Нужно было сомневаться. Как-то сразу не сообразил, что в Российской Федерации начала двадцать первого века не в ходу вытертые чешуйки из потемневшего низкопробного серебра, и желтеющие среди них немногочисленные золотые монеты. И те и другие вызовут интерес разве что у нумизматов и антикваров, да и то если повезёт выйти на честного, что само по себе сравни фантастике.

– Там самоцветы ещё, – Дионисий разгрёб причудливое разнообразие серебряных чешуек. – И жемчуг речной.

В камнях Самарин не разбирался вообще, но здравый смысл подсказывал не связываться с драгоценностями сомнительной стоимости.
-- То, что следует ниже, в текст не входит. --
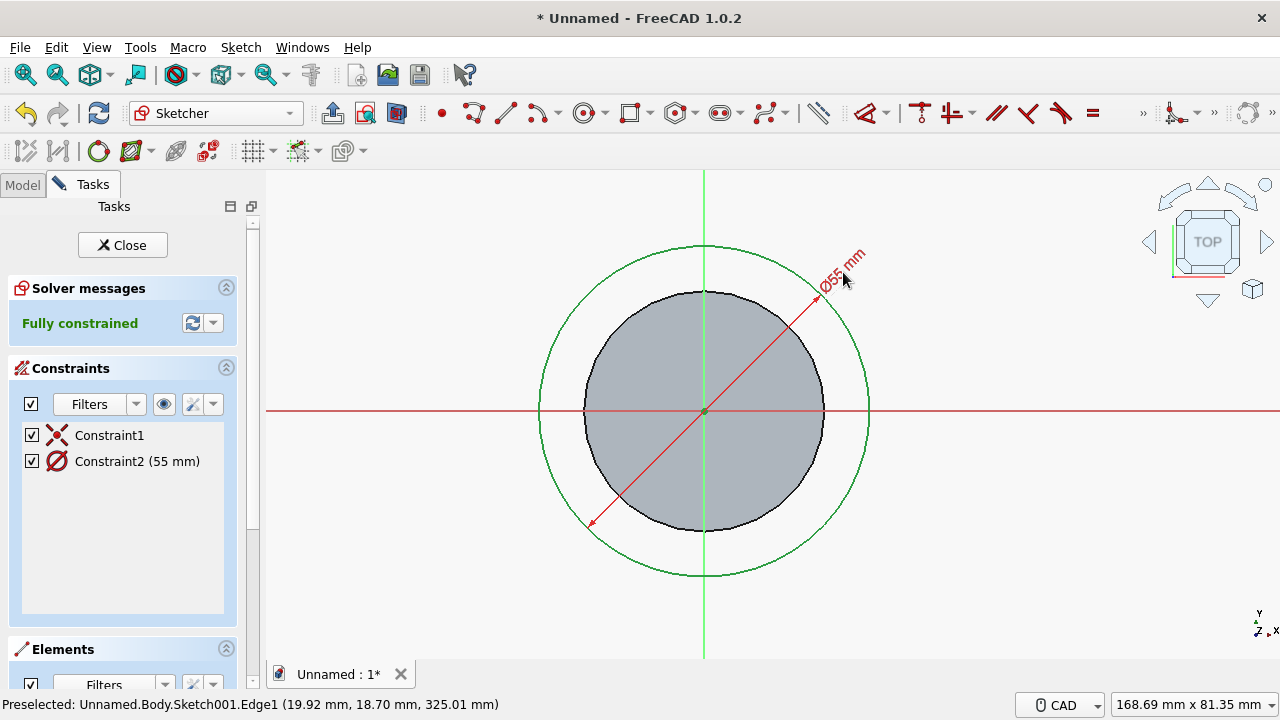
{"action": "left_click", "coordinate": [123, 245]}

Жемчуг этот можно просто выбросить, а с остальным… Или наживёшь неприятности на пятую точку, или станешь посмешищем с грубо обработанными стекляшками. Или всё вместе одновременно, что Андрея Михайловича не устраивало ещё больше.

Он поднял голову, молча уставился на люстру, и надолго замолчал.

Дионисий с Ефимом проследили за взглядом и одновременно огорчённо вздохнули. Нашли кому предлагать самоцветы… За ту красоту, что на потолке висит, можно купить половину Москвы или Владимир вместе с Суздалем в придачу. Дивной красоты каменья искрятся множеством граней в белом свете явно волшебного происхождения шаров размером с детский кулачок.

– И много вам нужно? – Наконец-то оторвался от созерцания китайского ширпотреба Самарин.

– А сколько есть? – торопливый Ефим получил подзатыльник от старшего товарища и поправился. – А на сколько этого серебра хватит?

Андрей Михайлович решительно захлопнул крышку сундучка:

– С утра что-нибудь наберу в подарок. А в следующий раз договоримся.


Утром Дионисий с горящими глазами смотрел на всё увеличивающуюся кучу разнообразного металлического хлама. Обрезки водопроводных труб, слегка погнутый пожарный багор, куски строительной арматуры, двухметровая рельса от узкоколейки, неведомыми путями попавшая в Любимовку, велосипедная рама без руля, сиденья, педалей, но с передним колесом. А боярин Андрей Михайлович выносил из сарая новые и новые сокровища, заодно называя их и объясняя назначение. Ничего не понятно, но звучит чарующим пением херувимов господних.

Самым последним и самым ценным на взгляд гостей подарком, оказался пакет рессор от «Москвича». Зачем Полина Дмитриевна вообще его хранила, Самарин не знал, но подозревал, что хозяйственная бабушка ничего и никогда не выбрасывала. Подозрение подтверждалось наличием двух десятков ржавых и дырявых вёдер, несколькими корзинами без дна и ручек, и жемчужиной коллекции – перекосившимся сервантом с треснувшими зеркалами на задней стенке.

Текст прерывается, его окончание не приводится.